A Flawed Divestiture Plan
Kroger and Albertsons attempted to address antitrust concerns by proposing to divest several hundred stores to C&S Wholesale Grocers. However, the FTC dismissed this plan as insufficient, labeling it a “hodgepodge” of assets that would fail to create a meaningful competitor. The agency argued that the proposed divestiture would leave C&S unable to replicate the competitive dynamics currently in place between Kroger and Albertsons, particularly in regional markets where both companies directly compete.
Oregon Attorney General Rosenblum was quick to praise the court’s decision.
“At a time when soaring grocery and pharmacy prices are stretching household budgets, today’s decision is a win for Oregonians and a win for competition,” she said. She also highlighted the collaborative efforts of the Oregon Department of Justice, the FTC, and the other participating states in challenging the merger.
The coalition of states involved in the lawsuit—including Arizona, California, the District of Columbia, Illinois, Maryland, Nevada, New Mexico, Oregon, and Wyoming—illustrates the wide-reaching impact of the merger. The decision signals a strong federal-state partnership in tackling corporate consolidation that threatens both competition and consumer welfare.
While this ruling is a major setback for Kroger and Albertsons, the battle is far from over. The merger is temporarily blocked while the FTC’s administrative proceedings continue. The final outcome could set an important precedent for how regulators approach mergers in industries where consolidation has been accelerating.
Kroger and Albertsons argue that the merger would lead to greater operational efficiencies and better competition against nontraditional grocery rivals like Walmart and Amazon. However, the FTC and its allies remain firm in their stance, emphasizing that any potential benefits fall short of justifying the merger’s risks to competition.
A Broader Antitrust Movement
This case reflects a broader trend of growing scrutiny on corporate consolidation under the Biden administration, which has placed a renewed emphasis on antitrust enforcement. Lina Khan, Chair of the FTC, has been particularly vocal about protecting market competition, especially in industries that directly affect consumers' daily lives.

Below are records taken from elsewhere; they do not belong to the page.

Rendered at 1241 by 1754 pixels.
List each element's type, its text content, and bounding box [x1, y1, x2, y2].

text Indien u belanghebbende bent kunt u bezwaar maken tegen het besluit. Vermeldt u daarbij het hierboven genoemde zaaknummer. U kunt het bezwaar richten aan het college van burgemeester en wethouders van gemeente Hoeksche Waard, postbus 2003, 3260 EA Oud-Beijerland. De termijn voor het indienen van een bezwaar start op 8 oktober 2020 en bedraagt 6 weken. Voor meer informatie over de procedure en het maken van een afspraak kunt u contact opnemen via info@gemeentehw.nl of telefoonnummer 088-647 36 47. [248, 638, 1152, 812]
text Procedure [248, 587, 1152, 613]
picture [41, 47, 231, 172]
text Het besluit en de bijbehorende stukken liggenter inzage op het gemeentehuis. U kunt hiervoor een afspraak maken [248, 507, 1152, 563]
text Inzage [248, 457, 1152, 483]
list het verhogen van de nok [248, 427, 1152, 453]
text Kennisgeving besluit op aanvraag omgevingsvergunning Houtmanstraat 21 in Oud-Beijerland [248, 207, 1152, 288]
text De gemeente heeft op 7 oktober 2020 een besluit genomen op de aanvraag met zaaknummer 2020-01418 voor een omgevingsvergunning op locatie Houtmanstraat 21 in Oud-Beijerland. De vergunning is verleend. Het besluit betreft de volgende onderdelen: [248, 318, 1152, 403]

The Kroger-Albertsons case is likely to serve as a bellwether for future challenges to large-scale mergers in other sectors. With this decision, regulators and state attorneys general have made it clear that they are willing to take on corporate giants when their deals threaten to harm competition, regardless of the companies' size or market influence.

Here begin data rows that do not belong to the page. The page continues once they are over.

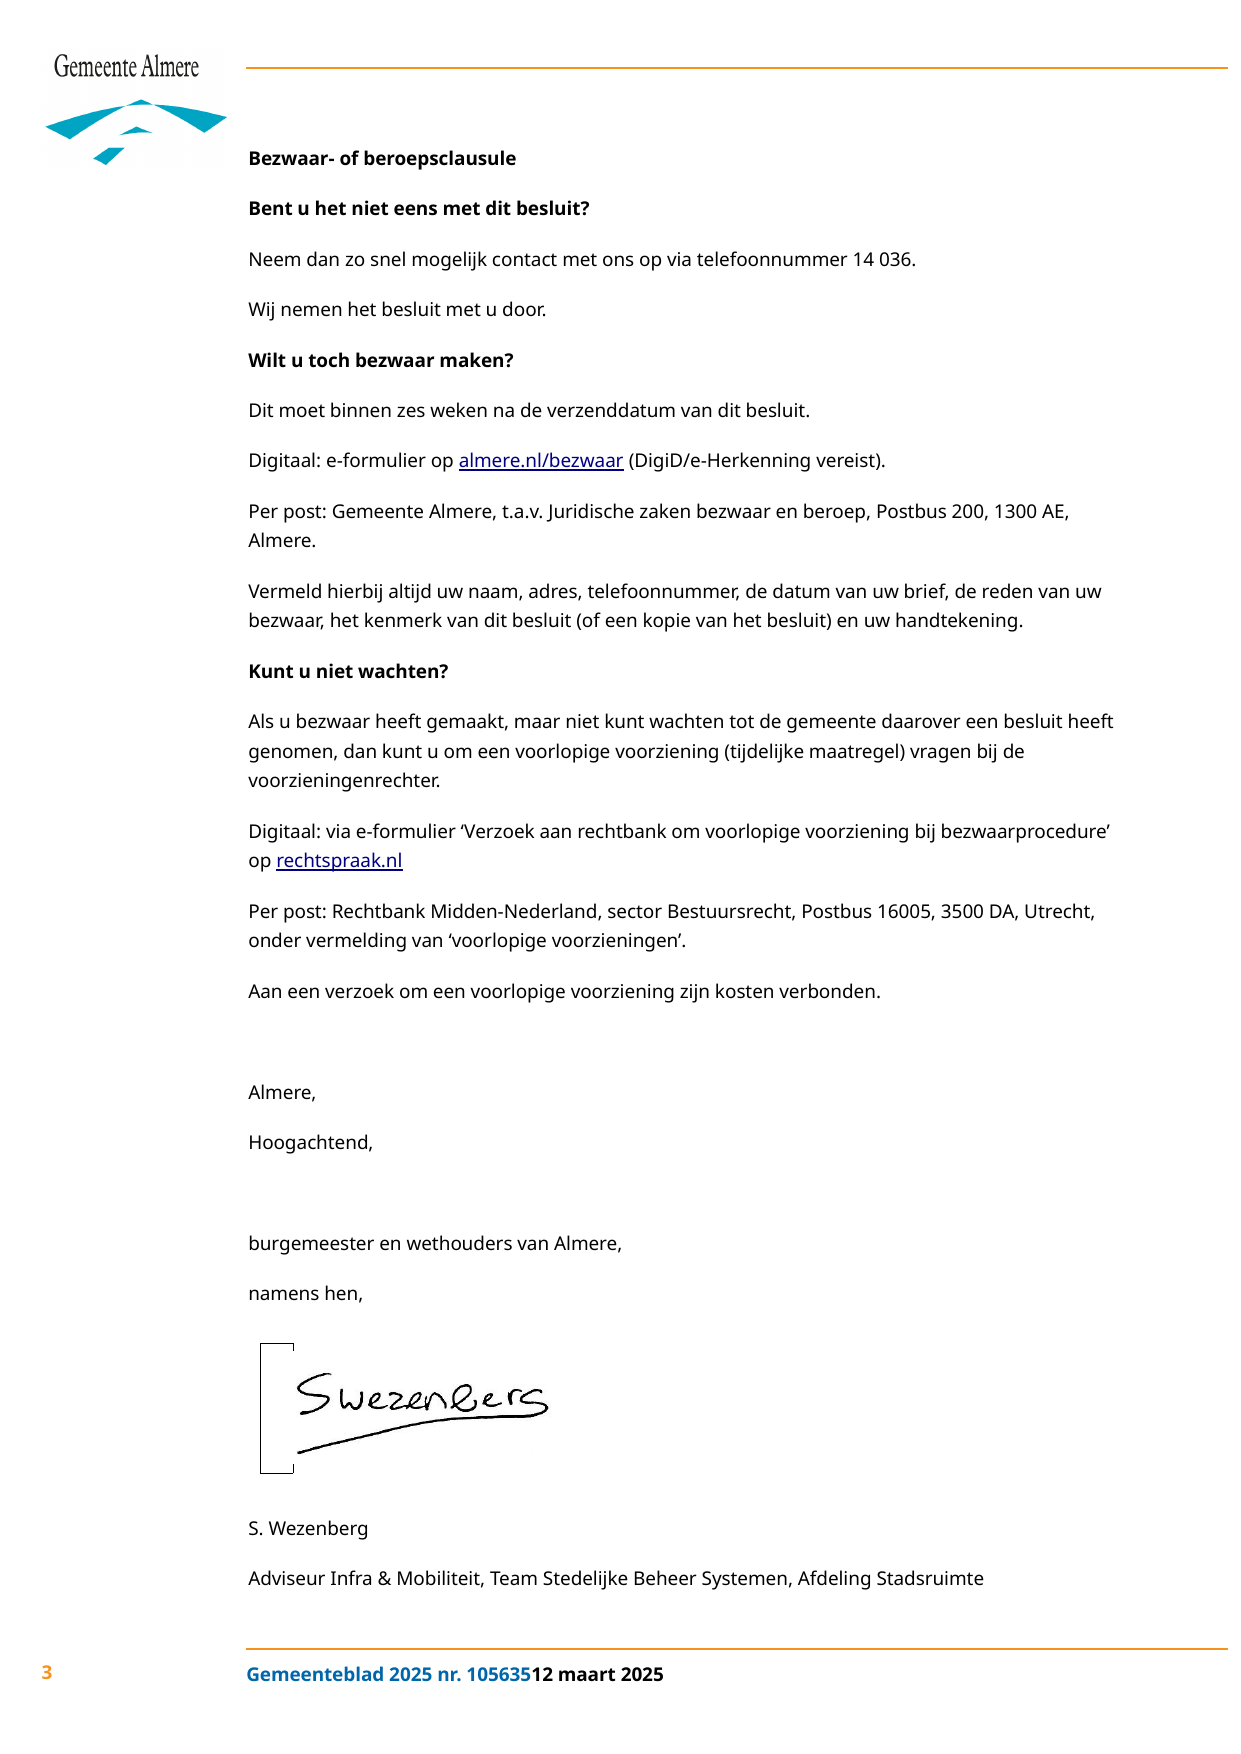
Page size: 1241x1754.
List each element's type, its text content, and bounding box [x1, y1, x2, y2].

text Digitaal: e-formulier op almere.nl/bezwaar (DigiD/e-Herkenning vereist). [248, 448, 1152, 473]
text Neem dan zo snel mogelijk contact met ons op via telefoonnummer 14 036. [248, 246, 1152, 272]
picture [41, 47, 231, 172]
text Wilt u toch bezwaar maken? [248, 347, 1152, 373]
text Als u bezwaar heeft gemaakt, maar niet kunt wachten tot de gemeente daarover een besluit heeft genomen, dan kunt u om een voorlopige voorziening (tijdelijke maatregel) vragen bij de voorzieningenrechter. [248, 708, 1152, 793]
text namens hen, [248, 1281, 1152, 1306]
text Wij nemen het besluit met u door. [248, 296, 1152, 322]
picture [268, 1351, 576, 1464]
text Vermeld hierbij altijd uw naam, adres, telefoonnummer, de datum van uw brief, de reden van uw bezwaar, het kenmerk van dit besluit (of een kopie van het besluit) en uw handtekening. [248, 578, 1152, 633]
text Bent u het niet eens met dit besluit? [248, 196, 1152, 221]
text Almere, [248, 1079, 1152, 1105]
text Per post: Gemeente Almere, t.a.v. Juridische zaken bezwaar en beroep, Postbus 200, 1300 AE, Almere. [248, 498, 1152, 553]
text Per post: Rechtbank Midden-Nederland, sector Bestuursrecht, Postbus 16005, 3500 DA, Utrecht, onder vermelding van ‘voorlopige voorzieningen’. [248, 898, 1152, 953]
text Bezwaar- of beroepsclausule [248, 145, 1152, 171]
text Dit moet binnen zes weken na de verzenddatum van dit besluit. [248, 397, 1152, 423]
text Aan een verzoek om een voorlopige voorziening zijn kosten verbonden. [248, 978, 1152, 1004]
text S. Wezenberg [248, 1515, 1152, 1541]
text burgemeester en wethouders van Almere, [248, 1230, 1152, 1256]
text Kunt u niet wachten? [248, 658, 1152, 684]
text Hoogachtend, [248, 1129, 1152, 1155]
text Adviseur Infra & Mobiliteit, Team Stedelijke Beheer Systemen, Afdeling Stadsruimte [248, 1566, 1152, 1591]
text Digitaal: via e-formulier ‘Verzoek aan rechtbank om voorlopige voorziening bij bezwaarprocedure’ op rechtspraak.nl [248, 818, 1152, 873]

Blocking the Kroger-Albertsons merger represents a pivotal moment in U.S. antitrust enforcement. As the case progresses, it will not only shape the future of the grocery industry but also influence how courts and regulators address corporate consolidation across the broader economy. For now, Judge Nelson’s decision stands as a reaffirmation that the interests of consumers and workers remain central to antitrust efforts.